Furthermore, the preliminary histopathological findings of the ISO-induced MI group myocardium showed large infarcted zones with inflammation, edema, coagulative necrosis and separation of cardiac muscle fibers. In rats, ISO had been reported to increase oxygen demand, deplete ATP levels, cause calcium overload and undergo autoxidation, leading to the formation of free radicals [68]. However, juglone and atenolol pretreatment followed by ISO considerably prevented the pathological changes, such as inflammation, edema and necrosis, when compared to ISO-alone treated rats. Previous studies found that juglone showed significant free radical scavenging activity [38,69]. The structure of juglone (Figure 1) contains hydroxyl groups in the benzene ring, which may explain its ability to scavenge free radicals [70]. Moreover, the plant source of juglone, Juglans regia extract, improved the activities of superoxide dismutase (SOD) and catalase (CAT) by scavenging superoxide and hydrogen peroxides produced by ISO [24]. Administration of submaximal doses of ISO have been reported to induce severe oxidative stress [71,72]. The generation of ROS occurs by the leakage of electrons into oxygen from various systems. Overproduction of ROS can cause severe impairment of cellular functions and necrotic lesions in the myocardium of rats. In contrast, superoxide dismutase (SOD), catalase (CAT) and glutathione peroxidase (GPX) constitute a mutually supportive and free radical scavenging enzymes team of first line defense against oxidative injury [73]. The plant source of juglone, Juglans regia, is also reported to inhibit the increase in intracellular malondialdehyde (MDA) levels [74]. MDA and its measurement have been used as indicators of lipid peroxidation [75]. Lipid peroxidation is considered a major mechanism of oxygen free radical toxicity [76]. Zhou et al. (2015) [76] demonstrated that juglone increased the activity of SOD and decreased oxidative stress. However, further studies have been suggested related to the effect of juglone on CAT and GPx. Moreover, juglone also activates mitogen-activated protein kinases (MAPK) that could promote cell survival, thereby protecting against conditions such as cardiac injury [35]. These reported activities of juglone suggest that it might be possible that their antioxidant effect is cardioprotective.

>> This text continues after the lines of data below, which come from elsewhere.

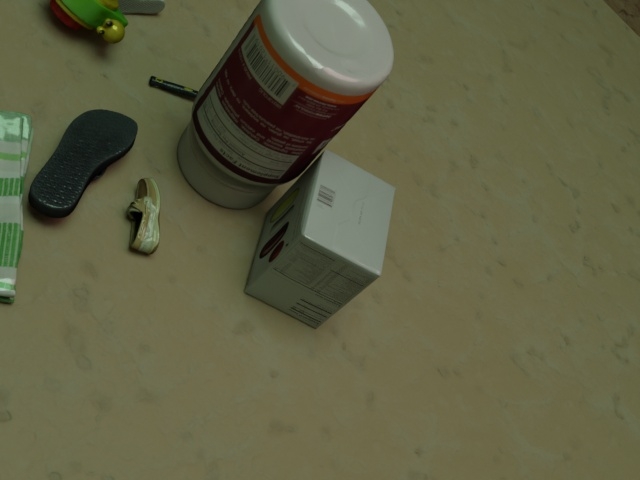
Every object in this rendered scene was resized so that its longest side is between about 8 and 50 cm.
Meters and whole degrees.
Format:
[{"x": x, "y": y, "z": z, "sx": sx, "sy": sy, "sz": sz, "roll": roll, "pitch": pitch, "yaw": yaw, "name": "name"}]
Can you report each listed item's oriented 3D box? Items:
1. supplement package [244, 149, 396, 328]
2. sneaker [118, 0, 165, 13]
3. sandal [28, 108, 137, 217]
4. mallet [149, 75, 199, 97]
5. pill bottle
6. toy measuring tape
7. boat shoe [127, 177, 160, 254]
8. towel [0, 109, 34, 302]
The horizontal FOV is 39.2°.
[{"x": 0.000, "y": 0.000, "z": 1.502, "sx": 0.149, "sy": 0.203, "sz": 0.194, "roll": 28, "pitch": 48, "yaw": -17, "name": "supplement package"}, {"x": -0.359, "y": -0.462, "z": 1.672, "sx": 0.134, "sy": 0.051, "sz": 0.070, "roll": -6, "pitch": 62, "yaw": -40, "name": "sneaker"}, {"x": -0.382, "y": -0.125, "z": 1.429, "sx": 0.097, "sy": 0.054, "sz": 0.254, "roll": 32, "pitch": 47, "yaw": -1, "name": "sandal"}, {"x": -0.219, "y": -0.257, "z": 1.644, "sx": 0.189, "sy": 0.039, "sz": 0.062, "roll": 9, "pitch": 53, "yaw": -25, "name": "mallet"}, {"x": -0.074, "y": -0.227, "z": 1.473, "sx": 0.224, "sy": 0.392, "sz": 0.224, "roll": 18, "pitch": 53, "yaw": -25, "name": "pill bottle"}, {"x": -0.447, "y": -0.473, "z": 1.571, "sx": 0.121, "sy": 0.121, "sz": 0.330, "roll": -24, "pitch": 72, "yaw": -42, "name": "toy measuring tape"}, {"x": -0.285, "y": -0.044, "z": 1.440, "sx": 0.045, "sy": 0.050, "sz": 0.135, "roll": 12, "pitch": 54, "yaw": -35, "name": "boat shoe"}, {"x": -0.544, "y": -0.075, "z": 1.290, "sx": 0.248, "sy": 0.038, "sz": 0.325, "roll": 11, "pitch": 55, "yaw": -28, "name": "towel"}]

These primary findings of our study indicate the cardioprotective effect of juglone. The most significant effects were observed at higher doses (3 mg/kg). Moreover, juglone was found to be safe up to 3 mg/kg and the toxic dose observed in rats was 6 mg/kg (in the initial screening). In summary, this experimental evidence might be helpful to understand the beneficial effects of juglone against myocardial injury, although further studies are needed to confirm its mechanisms.

5. Conclusions

In conclusion, the results of our present study suggest that prior administration of juglone proved to be effective as a cardioprotective therapeutic agent in reducing the level of myocardial damage (induced by ISO) through fortifying the myocardial cell membrane, in a similar way to atenolol. Further electrophysiological studies and protein expression of different inflammatory mediators, such as caspase-3 and 9 etc., would provide more insight into the molecular aspects of this study.